Both fallacies—the identity much as the activism fallacy—have to do with the belief that visibility in the realm of culture enables recognition in other social realms, such as politics and economics. In this regard, critics often emphasize that as long as the visibility agenda of literature is indebted to the "existing principles of recognition" (Honneth and Rancière 2016, 125), it remains committed to an "internal" struggle (105), meaning that it does not disrupt the system but only seeks to amend it. In effect, it virtually renounces the desire for an "interruption of the whole normative order" (105) at which the abovementioned philosophical understandings of existence and equality aim. The error of reduction is greatly abetted by what seems to be a basic instruction for writers, namely to "stay[] close to the raw story that only a single person can know and contain[] all the power of that lived reality." (Nayeri 2019, 226) It is not surprising that Saša Stanišić and Dina Nayeri, whose The Ungrateful Refugee is one of the most acclaimed contemporary fusions of identity politics and auto-fiction, are making themselves responsible for enticing the reader to reduction fallacy—but László Krasznahorkai's War and War (1999) and Kazuo Ishiguro's Never Let Me Go (2005) are not. Because of an almost dogmatically enforced "identification potential" (Baßler 2022, 129) that is expected of contemporary fiction, the reader becomes an accomplice to the text, a seduced follower—a consumer, not a critical observer. This argument, mentioned in the Call for this special collection, suggests that a text that "promotes purely affirmative attitudes" (Call) may not have the liberating, let alone emancipatory, potential that has been invested in literary and especially critical reading over the past two centuries. The argument is not new: Adorno was not the only one to find this compulsion to identity ("Identitätszwang," Adorno 1966, 22 and passim) unaesthetic and dangerous; Clement Greenberg, in his analysis of both capitalist and Soviet society, also recognized similar forms of "ersatz culture" (Greenberg 1989, 10) that compel their recipients to identify and conform.

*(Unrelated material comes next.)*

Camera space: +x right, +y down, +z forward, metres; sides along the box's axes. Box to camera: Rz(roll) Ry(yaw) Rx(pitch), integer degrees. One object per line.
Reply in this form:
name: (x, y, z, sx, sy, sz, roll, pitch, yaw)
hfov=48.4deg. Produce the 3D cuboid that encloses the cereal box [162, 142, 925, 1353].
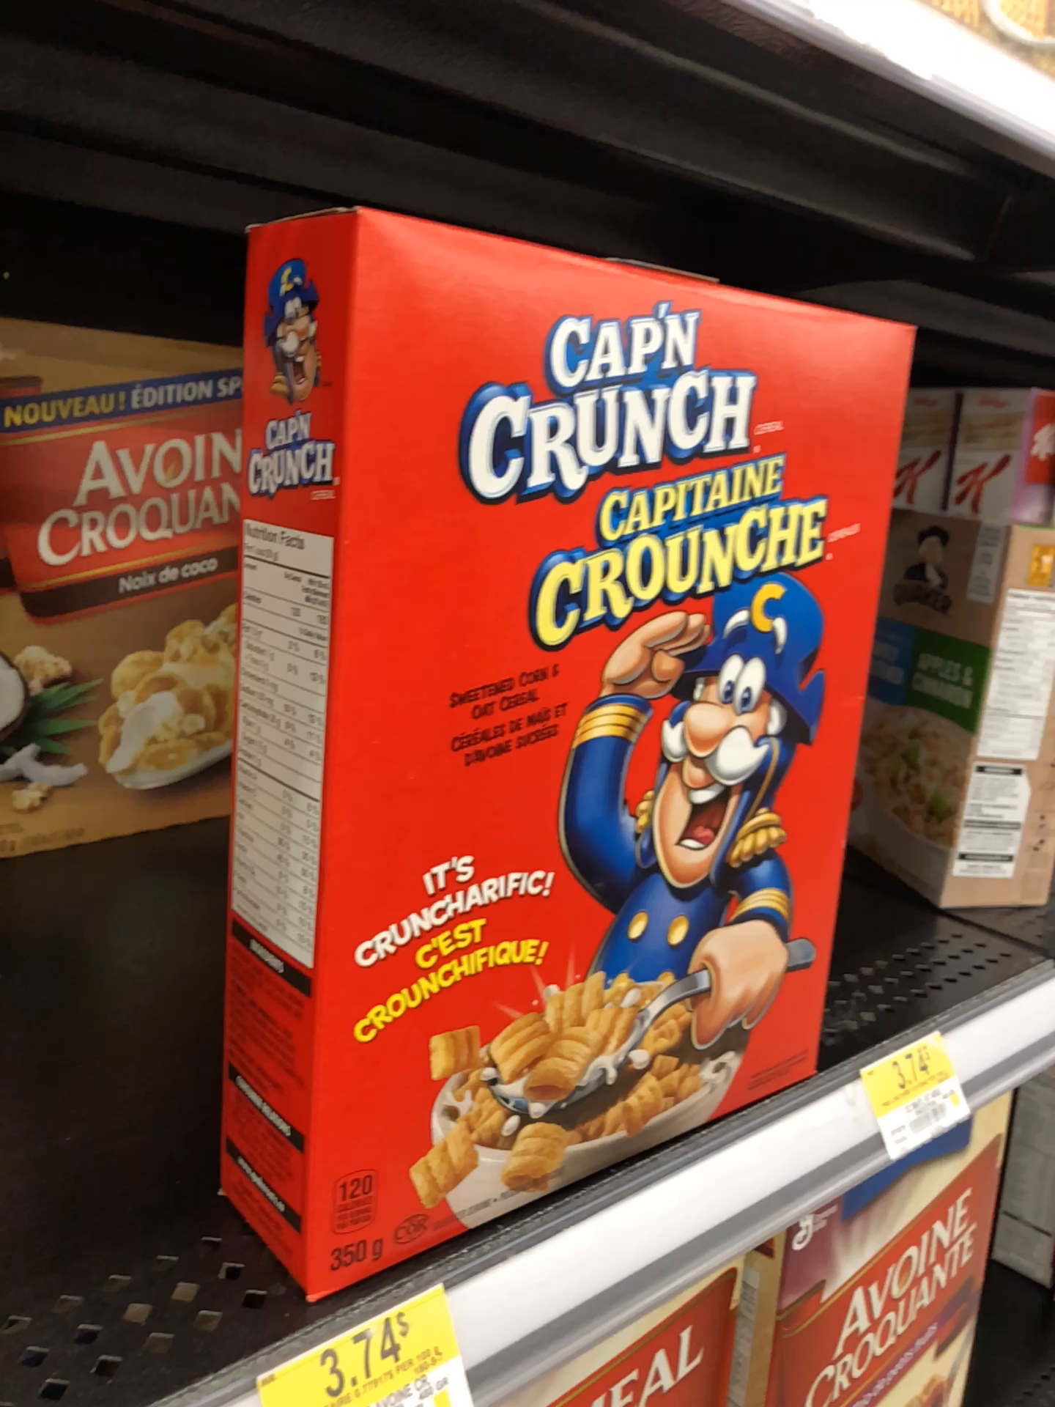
cereal box: (0.011, 0.009, 0.354, 0.220, 0.279, 0.060, -5, 15, -40)

Yet when it comes to the analysis of mass media and, in particular, literary works embedded in the global fabric of the publishing industry, these arguments of cultural critics are as general as they are unproductive. At a somewhat lower level—and it is at that level that most actors in the literary world operate (speakers and other participants in literary evenings and public readings, book clubs, university seminars, literature classes in compulsory education)—the medium of literature, precisely by being part of a social nexus, nevertheless enables a problematization of its own place in the "normative universe" (Cover 1983–1984, 4): Whenever thrown out into this universe, saturated with different voices and experiences, both individual and collective, and exposed to different ways of reading and interpreting, the literary text becomes a material for discussion and sometimes a stumbling stone of debate. It is at this point, in crossing the threshold between its praised autonomy and the risks related to the particular social contexts, that literature becomes pertinent for the societal learning processes: It is here that the aforementioned challenge, dispute and confrontation occur.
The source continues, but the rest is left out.